Information on how to use emacspeak is provided in the documents located in the directory:

/usr/opt/DTKRT420/emacspeak/docs
or by typing:

man emacspeak


DECtalk Software: How are the Components Used?

DECtalk Software applications and application-building components are targeted at two specific audiences: the application builder and the application user.

By the Programmer

As a DECtalk Software developer, you can use the DECtalk Software API calls to create a DECtalk Software application. The DECtalk Software API is made avilable in a separate product, the DECtalk Software Development kit.

Click here for Picture


By the Application User

The DECtalk application user accesses the application through the Motif windows environment or at the Digital UNIX command line. DECtalk Software also provides a CDE integration subset that can be installed on systems that support CDE. DECtalk Software provides several methods of control. The user can use the abbreviated command set provided with the application to control basic operations, such as, the speaking rate or the speaking voice. The user can also use the user dictionary to fine-tune the application's basic pronunciation and voice characteristics. Finally, the user can also embed in-line commands into text files to control DECtalk operations. Refer to the specific sections for more information on which method to use.

Click here for Picture


How DECtalk Software Works

DECtalk Software converts ASCII English language text into speech output through a speech synthesizer. There are two ways to feed text into the speech synthesizer: through the user interface or through the API. The flow of the text-to-speech process is explained below.

Figure: Flow of the DECtalk Software Text-to-Speech Conversion Process

Legend for Figure: Action of the DECtalk Software Module

  1. A sentence parser breaks the input stream into separate words and locates some clause boundaries (indicated by commas and other punctuation marks as well as by special words loaded in the DECtalk Software internal dictionary). The sentence parser also recognizes and deals with phonemic symbols and commands that you might have added to the input text.

  2. A word parser breaks words into their component parts, dividing words by their final pronounceable form. Strings of text that do not form pronounceable English words are spelled out letter by letter. A number formatter is used if the text contains numerals. The number formatter applies the rules for many common number formats and converts the numbers into English words. The number formatter also recognizes many common abbreviations, such as lb for pound.

  3. A dictionary lookup routine searches the pronunciation dictionaries. DECtalk Software has a built-in dictionary of many commonly used words. DECtalk Software also has a user dictionary that can be filled with words specific to an application. This dictionary and how to load it are described in Chapter 3. While this version of DECtalk Software has greater pronunciation accuracy than its predecessors, it may sometimes be necessary to send DECtalk Software the correct phonemics for words important for a particular application. This can be done by using the user dictionary.
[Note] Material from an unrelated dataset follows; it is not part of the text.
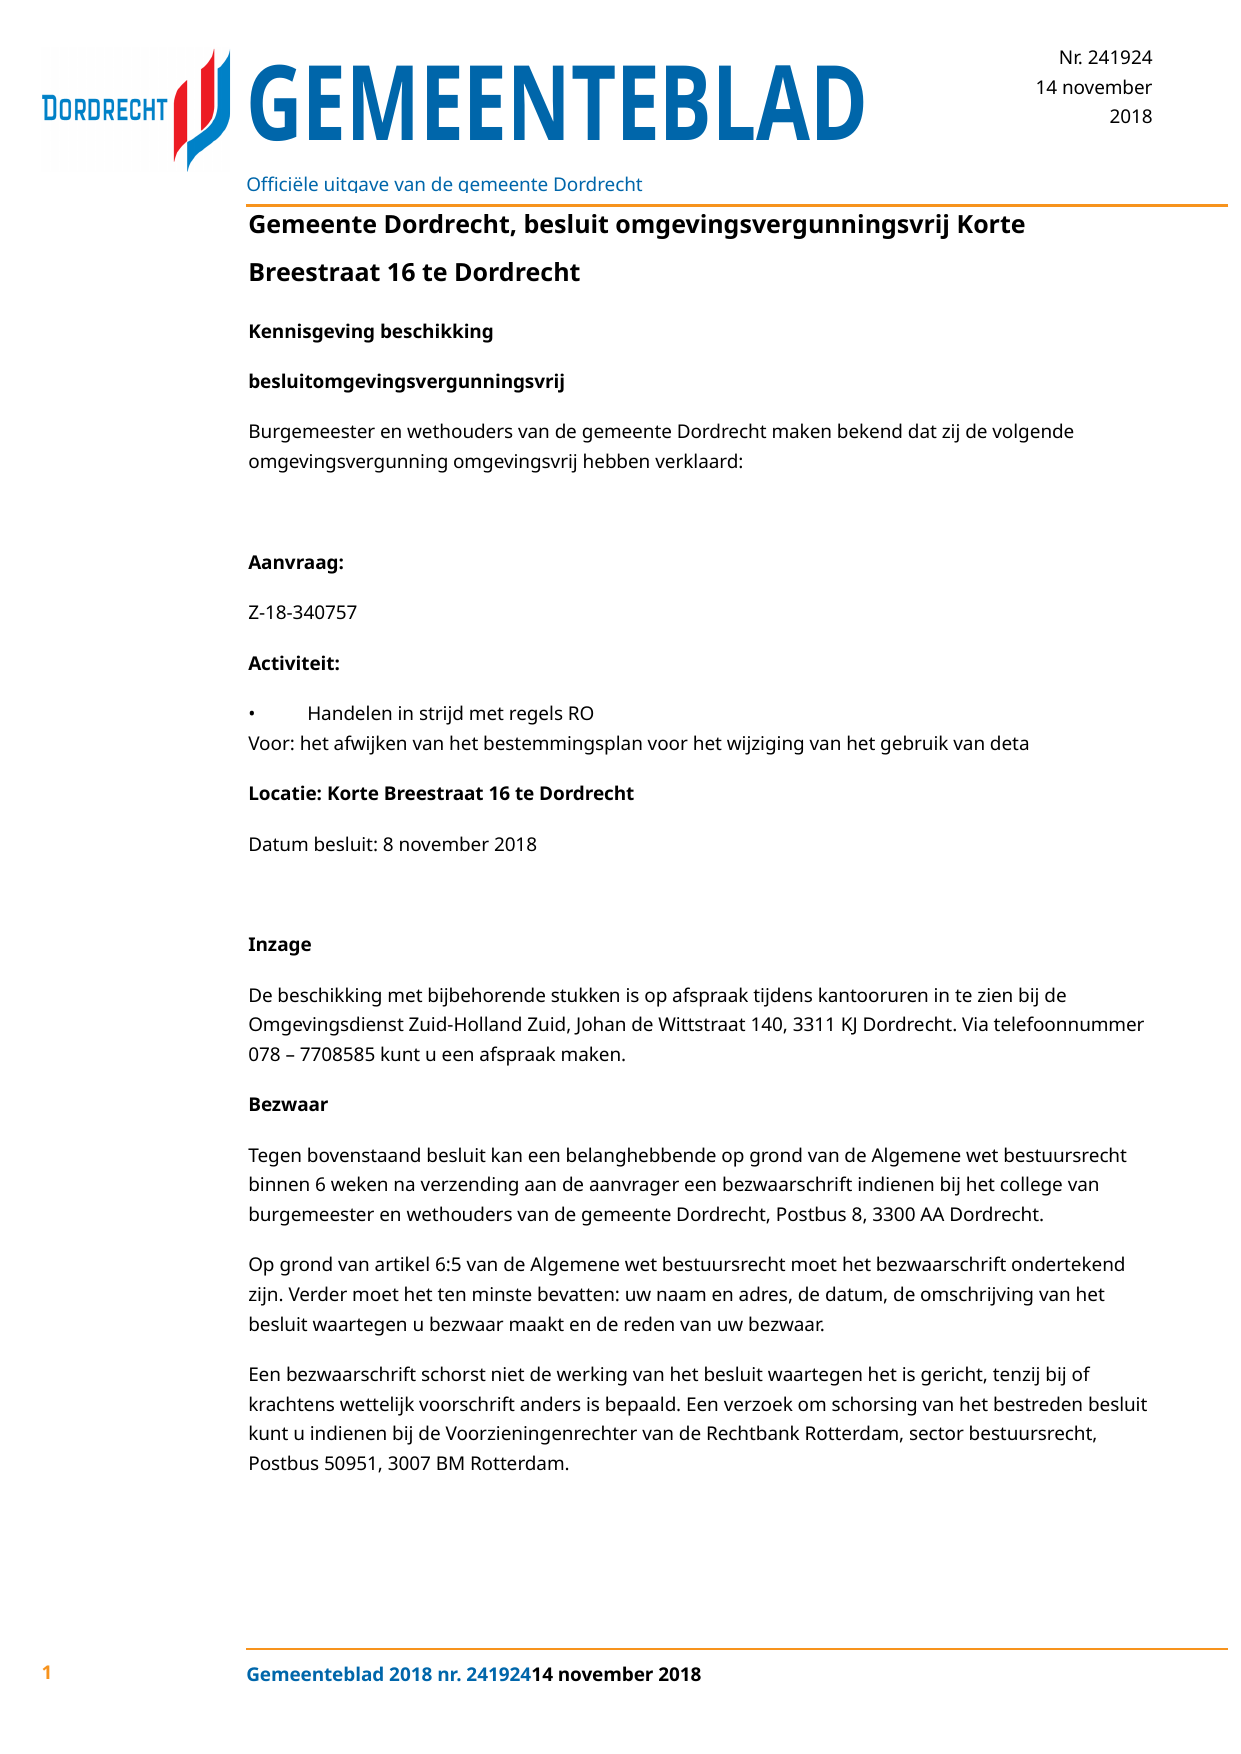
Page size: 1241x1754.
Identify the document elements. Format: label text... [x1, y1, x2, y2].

  4. A phrase structure module recombines all phonemic output from the dictionary search and other modules. Durations of phonemes and pitch commands are computed for the clause, and appropriate sound variants are selected for those phonemes that can be pronounced in more than one way.

  5. A letter-to-sound module uses a set of English pronunciation rules to assign phonemic form and lexical stress patterns to words not found in the dictionary.
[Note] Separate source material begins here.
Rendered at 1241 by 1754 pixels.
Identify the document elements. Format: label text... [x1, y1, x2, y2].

  6. The phoneme-to-voice module processes clauses passed from the phrase structure module and converts them to control signals for the speech synthesizer. This module modifies the clauses by changing the phonemes/allophones into parameters that determine the natural resonant frequencies of the vocal tract (formats), and sound source amplitudes. The control parameters are sent to the speech synthesizer for output.

  7. The Digital speech synthesizer computes a speech wave form with acoustic characteristics that are determined by the synthesizer control commands received.